TASK BRIEF - The full listing, returned exactly and free of pictures, is the expected answer.

SUPPLIED RECORDS -
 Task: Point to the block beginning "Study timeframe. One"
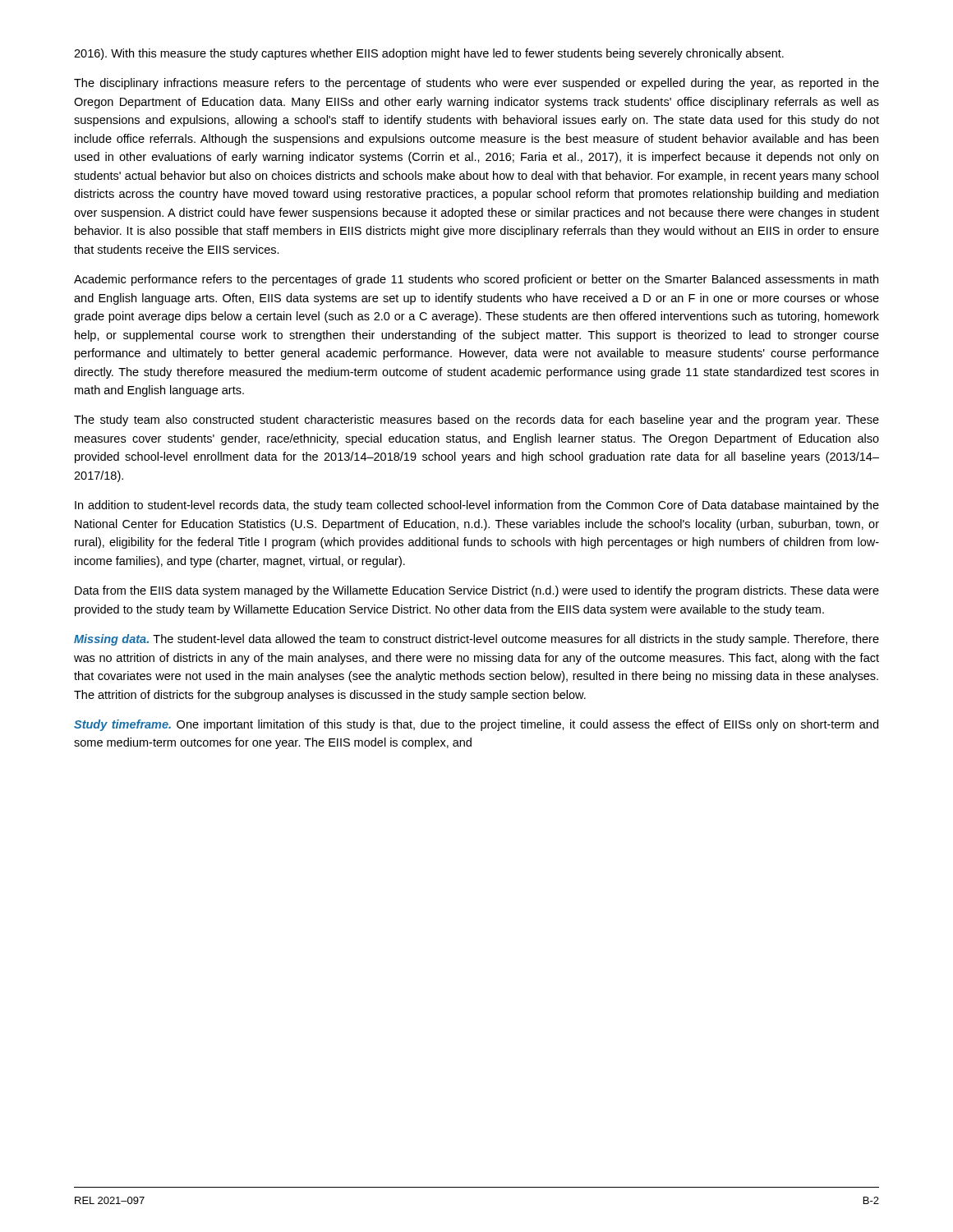(476, 734)
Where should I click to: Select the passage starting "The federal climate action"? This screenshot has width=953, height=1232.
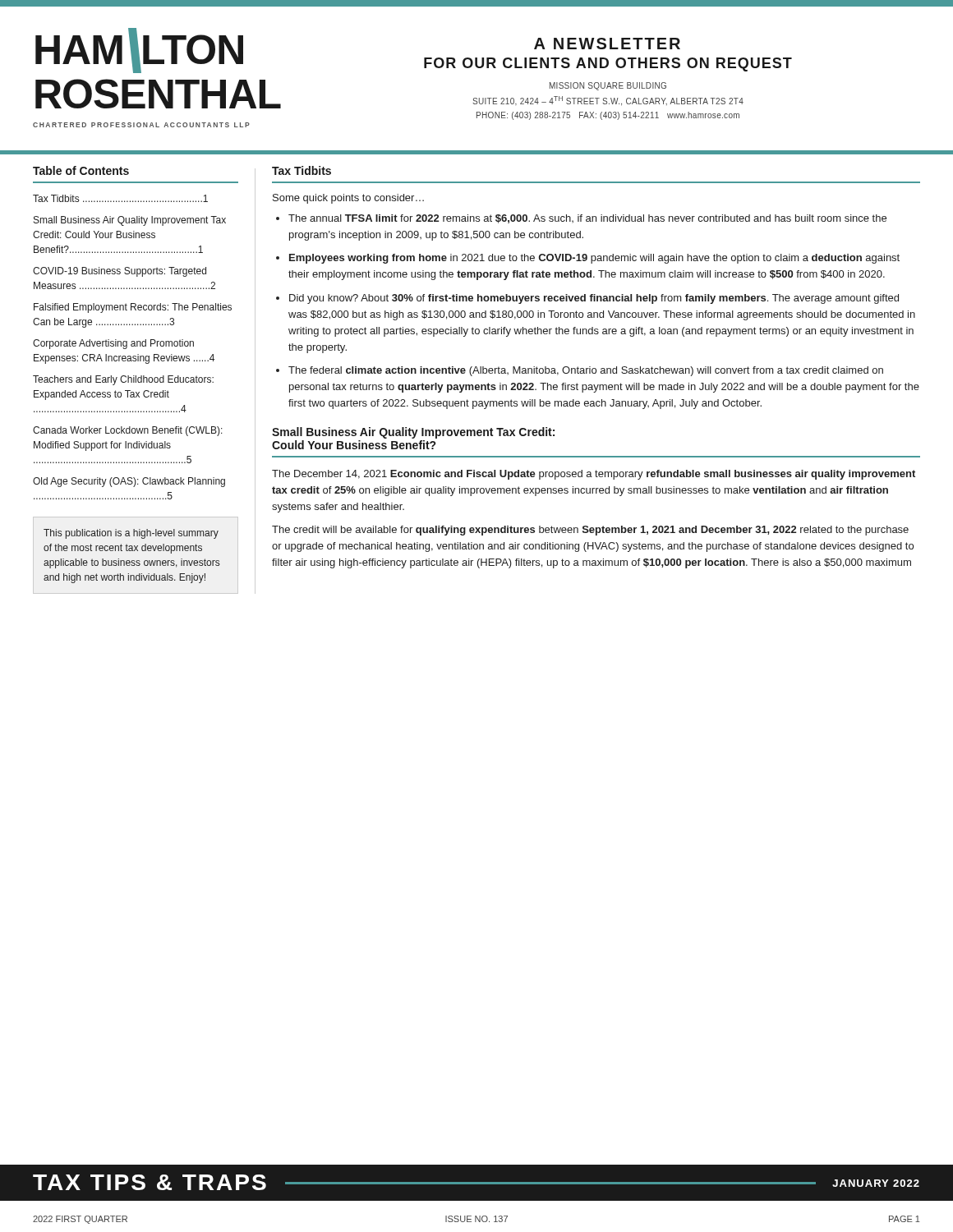604,387
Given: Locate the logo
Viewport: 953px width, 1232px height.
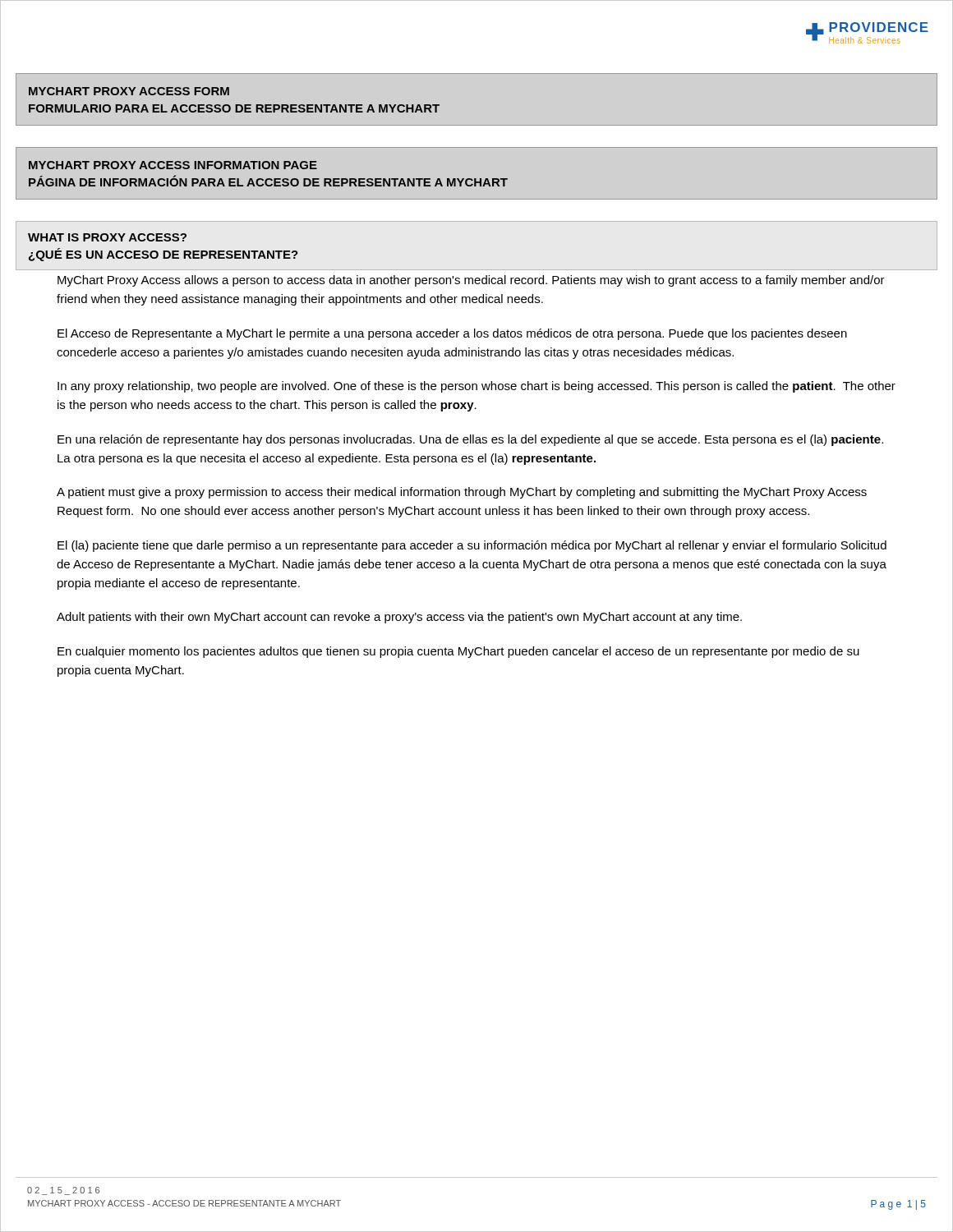Looking at the screenshot, I should click(851, 33).
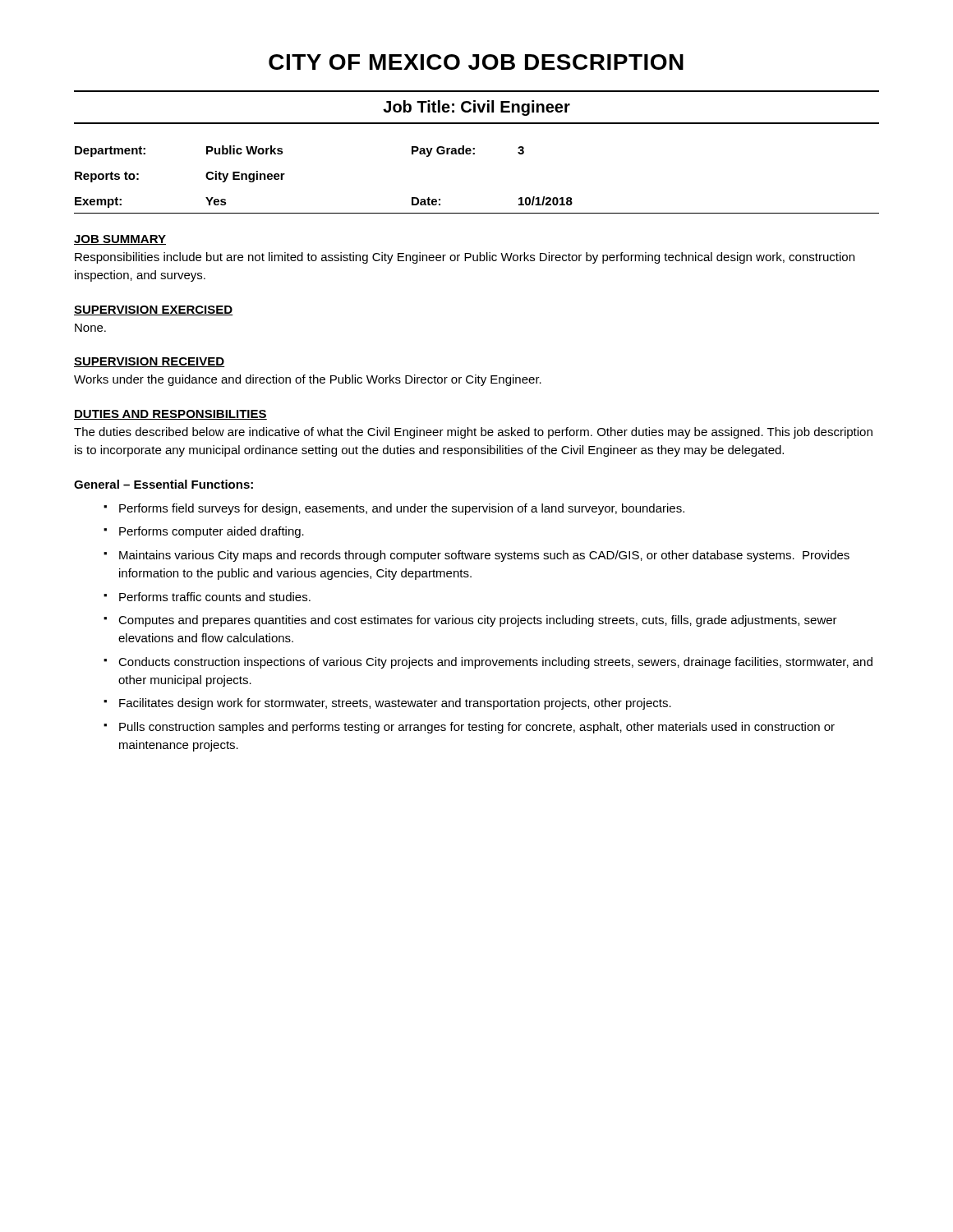Viewport: 953px width, 1232px height.
Task: Point to the text block starting "SUPERVISION EXERCISED"
Action: click(153, 309)
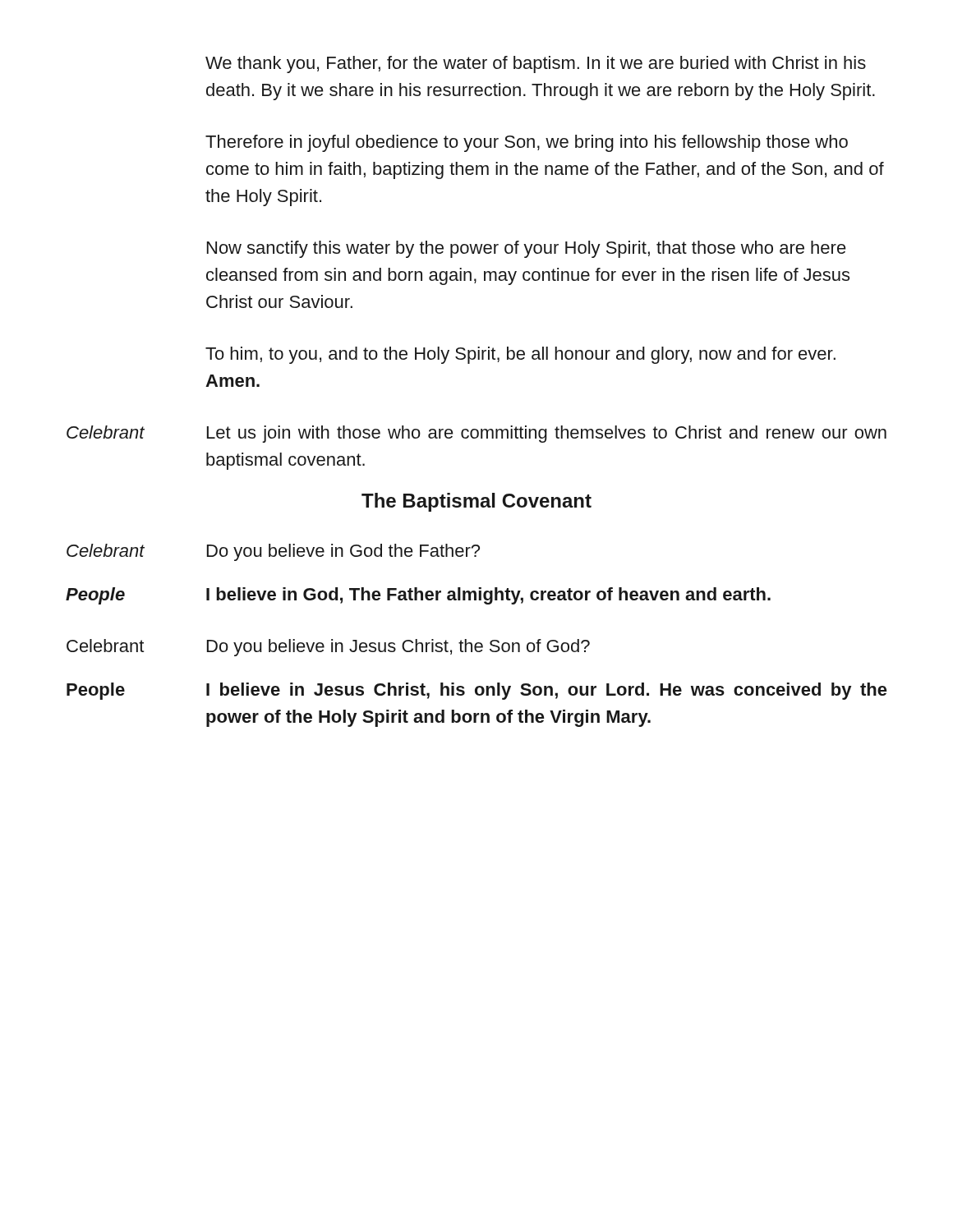This screenshot has height=1232, width=953.
Task: Point to the block beginning "Celebrant Let us join with those who"
Action: point(476,446)

RESPONSE TO THE EXERCISE -
 Task: Point to the block beginning "Study timeframe. One"
(476, 734)
Where should I click to: Select the passage starting "The federal climate action"? This screenshot has width=953, height=1232.
604,387
Given: Locate the logo
Viewport: 953px width, 1232px height.
Looking at the screenshot, I should click(851, 33).
Viewport: 953px width, 1232px height.
Task: Point to the text block starting "SUPERVISION EXERCISED"
Action: click(153, 309)
This screenshot has height=1232, width=953.
Task: Point to the block beginning "Celebrant Let us join with those who"
Action: point(476,446)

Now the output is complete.